Let's look at Inverse Functions. [SOUND] For example, let's find the inverse of

this 1 to 1 funtion f and then, we'll state it's domain and range.

The first thing we do, when we're finding an inverse of a function is, in the

definition of that function, we replace f(x) by y.

In other words, we have y = x + 3 / x - 4.

And then, we interchange the rules of x and y.

In other words, wherever we see a y we put an x and wherever we see an x we put

a y, which gives us x is equal to y plus 3 divided by y-4.

And now we want to manipulate this equation in order to solve for y.

When we do that and solve for y, y will be equal to f inverse of f.

And we know we're going to be able to do that, because we're given that F is 1 to

1, and therefore the inverse will exist. So let's begin by multiplying both sides

of the equation by this denominator here, the Y minus 4,

which gives us X times Y minus 4 is = y + 3.

And now, let's distribute this x to both of these 2 terms,

which gives us, x * y - 4 x = y + 3. Now remember, we want to solve for y.

So let's bring all the terms with y in them to one side and everything else to

the other.
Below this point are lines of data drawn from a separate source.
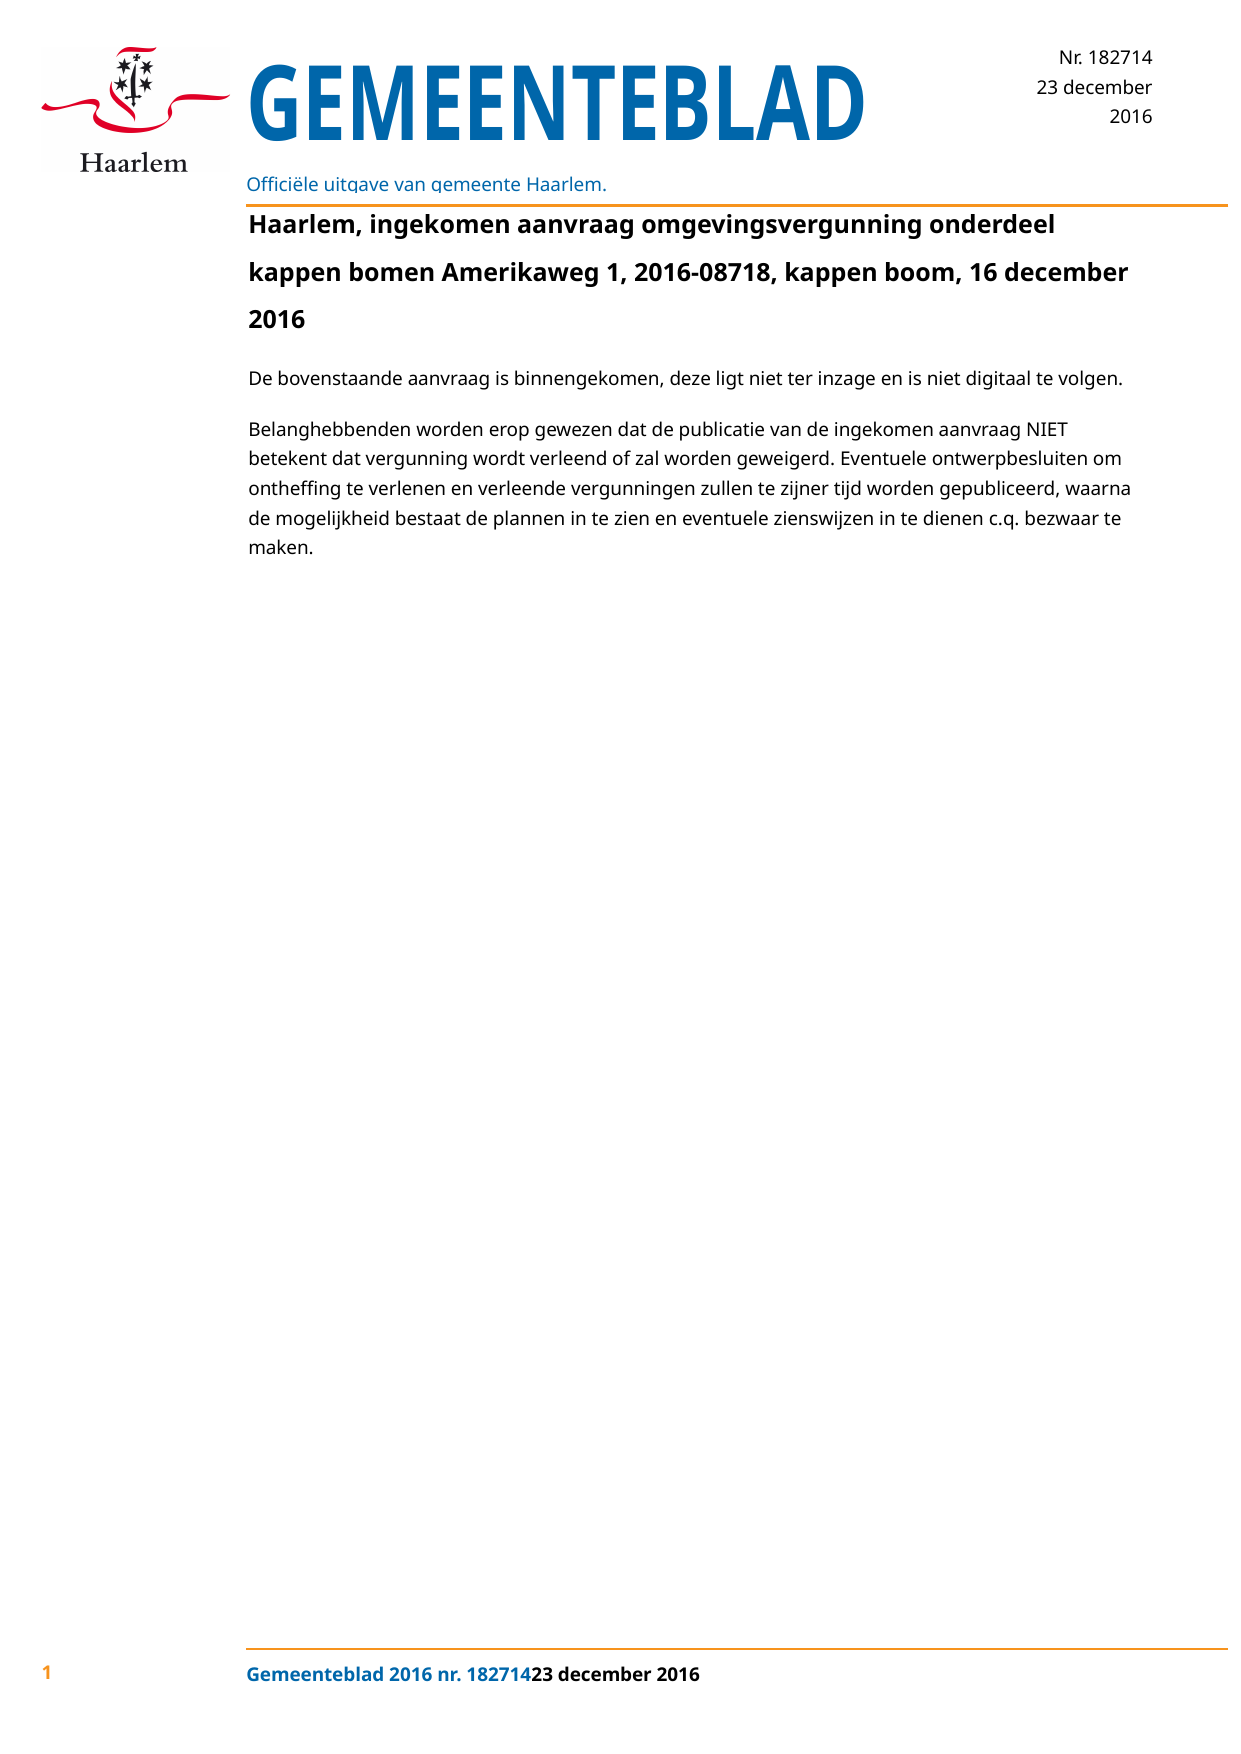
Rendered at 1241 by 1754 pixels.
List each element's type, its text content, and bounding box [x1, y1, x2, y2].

text De bovenstaande aanvraag is binnengekomen, deze ligt niet ter inzage en is niet digitaal te volgen. [248, 366, 1152, 391]
text Haarlem, ingekomen aanvraag omgevingsvergunning onderdeel kappen bomen Amerikaweg 1, 2016-08718, kappen boom, 16 december 2016 [248, 207, 1152, 336]
text Belanghebbenden worden erop gewezen dat de publicatie van de ingekomen aanvraag NIET betekent dat vergunning wordt verleend of zal worden geweigerd. Eventuele ontwerpbesluiten om ontheffing te verlenen en verleende vergunningen zullen te zijner tijd worden gepubliceerd, waarna de mogelijkheid bestaat de plannen in te zien en eventuele zienswijzen in te dienen c.q. bezwaar te maken. [248, 416, 1152, 560]
picture [41, 47, 231, 172]

And this will give us that x*y-y=3+4x.

And now on the left hand side we can factor out a y.

And if we divide both sides of the equation by this x-1 we will have solved

for y, so y = 3 + 4x / x-1.

And this is f inverse, so f inverse of x = 3 + 4x /x - 1.

So here is our inverse, however, we also are asked to find it's domain and range.

So let's start with the domain. Looking here at f inverse, the only issue

would be if x were equal to 1, because then we'd be dividing by 0.

So we need to exclude this value. That is the domain of f inverse, written

in interval notation is equal to negative infinity up to 1 open parenthesis,

because we want to exclude 1, union again open parenthesis at 1, cause

we want to exclude it, up to infinity.

All right, what about the range, though? Now this is where we can use the fact,

that the range of the inverse, is the domain of the original function.

That is, this is equal to the domain of f.

But what is this domain? Looking back up here at our original function, the only

issue would be, if X were equal to 4, because then we'd be dividing by 0.

That is we need to exclude this value in the domain of F.

That is the domain of F, written in interval notation.

It's the interval from negative infinity up to 4, open parentheses, because we

want to exclude 4. Union, open parentheses again at 4,

because we want to exclude 4, up to infinity.

Which is also the range of the inverse. That is this is equal to negative

infinity up to 4, union 4 to infinity. Now this is very useful to be able to

look at the domain of the original function to determine the range of the

inverse, and this is how we work with inverse functions.